> ABOUT THIS EXERCISE
Scan the records below, and wherever a line has the word "covers", pull it out.

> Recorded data
Segment Open

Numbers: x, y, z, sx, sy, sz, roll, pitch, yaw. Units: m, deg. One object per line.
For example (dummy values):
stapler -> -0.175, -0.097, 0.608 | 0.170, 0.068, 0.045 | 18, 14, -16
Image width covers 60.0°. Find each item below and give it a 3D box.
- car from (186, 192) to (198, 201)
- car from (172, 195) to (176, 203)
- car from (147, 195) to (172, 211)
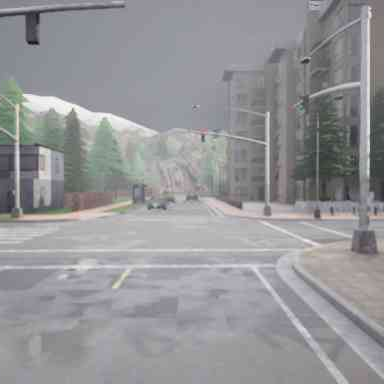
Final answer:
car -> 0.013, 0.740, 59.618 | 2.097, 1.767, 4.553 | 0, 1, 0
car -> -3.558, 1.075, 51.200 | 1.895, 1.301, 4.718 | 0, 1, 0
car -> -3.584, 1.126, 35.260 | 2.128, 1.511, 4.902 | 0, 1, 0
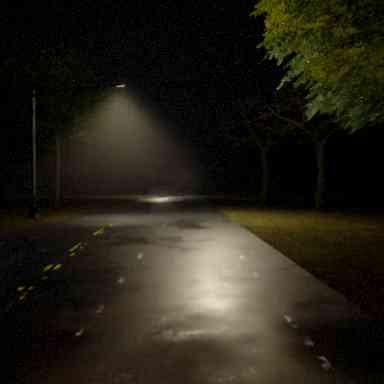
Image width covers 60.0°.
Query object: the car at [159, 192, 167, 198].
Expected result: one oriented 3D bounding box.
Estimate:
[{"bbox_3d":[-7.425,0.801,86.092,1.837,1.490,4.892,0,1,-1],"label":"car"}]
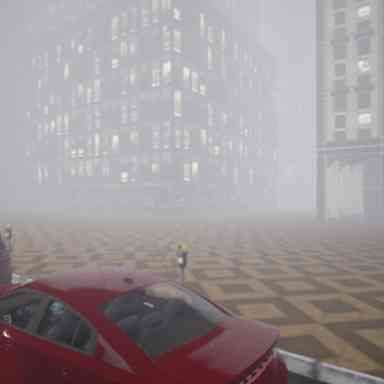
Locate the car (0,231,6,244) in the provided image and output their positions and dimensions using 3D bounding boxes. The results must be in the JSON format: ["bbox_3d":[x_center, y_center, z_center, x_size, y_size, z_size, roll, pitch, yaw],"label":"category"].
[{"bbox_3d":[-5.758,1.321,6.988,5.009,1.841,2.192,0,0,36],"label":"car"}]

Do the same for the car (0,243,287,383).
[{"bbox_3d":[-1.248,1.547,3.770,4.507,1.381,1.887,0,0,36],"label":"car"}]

Segment Closed

> RESPONSE TO THE EXERCISE
Image width covers 60.0°. Find each item below and give it a 3D box.
Image width covers 60.0°.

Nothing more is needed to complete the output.